* **EXERCISE GOAL**
Give back the lines of the records exactly, starting at the first and ending at the one with "16) pedestrian [382, 147, 391, 163]".

Recorded data
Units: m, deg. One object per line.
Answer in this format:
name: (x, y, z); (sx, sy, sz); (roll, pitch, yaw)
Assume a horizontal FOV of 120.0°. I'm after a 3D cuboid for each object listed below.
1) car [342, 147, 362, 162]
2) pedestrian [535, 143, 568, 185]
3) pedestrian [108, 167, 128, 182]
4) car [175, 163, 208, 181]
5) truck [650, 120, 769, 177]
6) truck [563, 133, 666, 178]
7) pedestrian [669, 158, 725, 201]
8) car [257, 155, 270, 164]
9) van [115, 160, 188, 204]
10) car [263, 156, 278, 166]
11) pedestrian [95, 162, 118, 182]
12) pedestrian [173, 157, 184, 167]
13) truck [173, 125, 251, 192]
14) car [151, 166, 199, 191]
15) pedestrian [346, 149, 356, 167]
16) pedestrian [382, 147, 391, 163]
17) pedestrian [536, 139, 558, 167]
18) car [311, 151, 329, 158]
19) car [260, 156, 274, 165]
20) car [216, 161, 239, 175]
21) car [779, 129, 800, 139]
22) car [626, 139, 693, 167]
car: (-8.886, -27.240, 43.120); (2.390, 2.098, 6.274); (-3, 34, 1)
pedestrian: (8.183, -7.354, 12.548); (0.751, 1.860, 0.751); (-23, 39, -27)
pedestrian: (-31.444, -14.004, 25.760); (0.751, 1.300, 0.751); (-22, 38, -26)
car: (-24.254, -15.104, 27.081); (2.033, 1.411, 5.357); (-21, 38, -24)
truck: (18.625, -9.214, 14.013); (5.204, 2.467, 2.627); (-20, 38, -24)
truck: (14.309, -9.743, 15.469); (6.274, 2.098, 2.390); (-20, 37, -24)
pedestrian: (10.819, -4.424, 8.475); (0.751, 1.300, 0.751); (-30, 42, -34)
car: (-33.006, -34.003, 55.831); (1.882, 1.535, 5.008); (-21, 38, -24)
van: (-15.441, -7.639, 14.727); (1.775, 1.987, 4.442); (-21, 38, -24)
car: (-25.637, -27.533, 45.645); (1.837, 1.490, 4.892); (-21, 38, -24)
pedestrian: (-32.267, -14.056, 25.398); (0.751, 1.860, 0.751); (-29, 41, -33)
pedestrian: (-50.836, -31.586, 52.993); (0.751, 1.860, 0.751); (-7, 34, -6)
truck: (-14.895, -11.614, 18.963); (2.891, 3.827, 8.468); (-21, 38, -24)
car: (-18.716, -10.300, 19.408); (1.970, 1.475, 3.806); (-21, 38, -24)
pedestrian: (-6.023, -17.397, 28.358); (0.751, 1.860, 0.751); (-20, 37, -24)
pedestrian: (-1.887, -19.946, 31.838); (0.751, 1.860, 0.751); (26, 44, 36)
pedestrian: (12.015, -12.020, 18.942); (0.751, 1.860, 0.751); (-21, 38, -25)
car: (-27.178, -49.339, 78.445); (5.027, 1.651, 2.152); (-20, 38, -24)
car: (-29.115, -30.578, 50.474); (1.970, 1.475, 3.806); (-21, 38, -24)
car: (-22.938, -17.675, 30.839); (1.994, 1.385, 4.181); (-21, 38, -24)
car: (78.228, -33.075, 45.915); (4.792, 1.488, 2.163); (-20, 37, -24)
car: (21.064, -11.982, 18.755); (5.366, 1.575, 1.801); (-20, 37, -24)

* **YOUR SOLUTION**
Units: m, deg. One object per line.
Answer in this format:
name: (x, y, z); (sx, sy, sz); (roll, pitch, yaw)
Assume a horizontal FOV of 120.0°. I'm after a 3D cuboid for each object listed below.
1) car [342, 147, 362, 162]
2) pedestrian [535, 143, 568, 185]
3) pedestrian [108, 167, 128, 182]
4) car [175, 163, 208, 181]
5) truck [650, 120, 769, 177]
6) truck [563, 133, 666, 178]
7) pedestrian [669, 158, 725, 201]
8) car [257, 155, 270, 164]
9) van [115, 160, 188, 204]
10) car [263, 156, 278, 166]
11) pedestrian [95, 162, 118, 182]
12) pedestrian [173, 157, 184, 167]
13) truck [173, 125, 251, 192]
14) car [151, 166, 199, 191]
15) pedestrian [346, 149, 356, 167]
16) pedestrian [382, 147, 391, 163]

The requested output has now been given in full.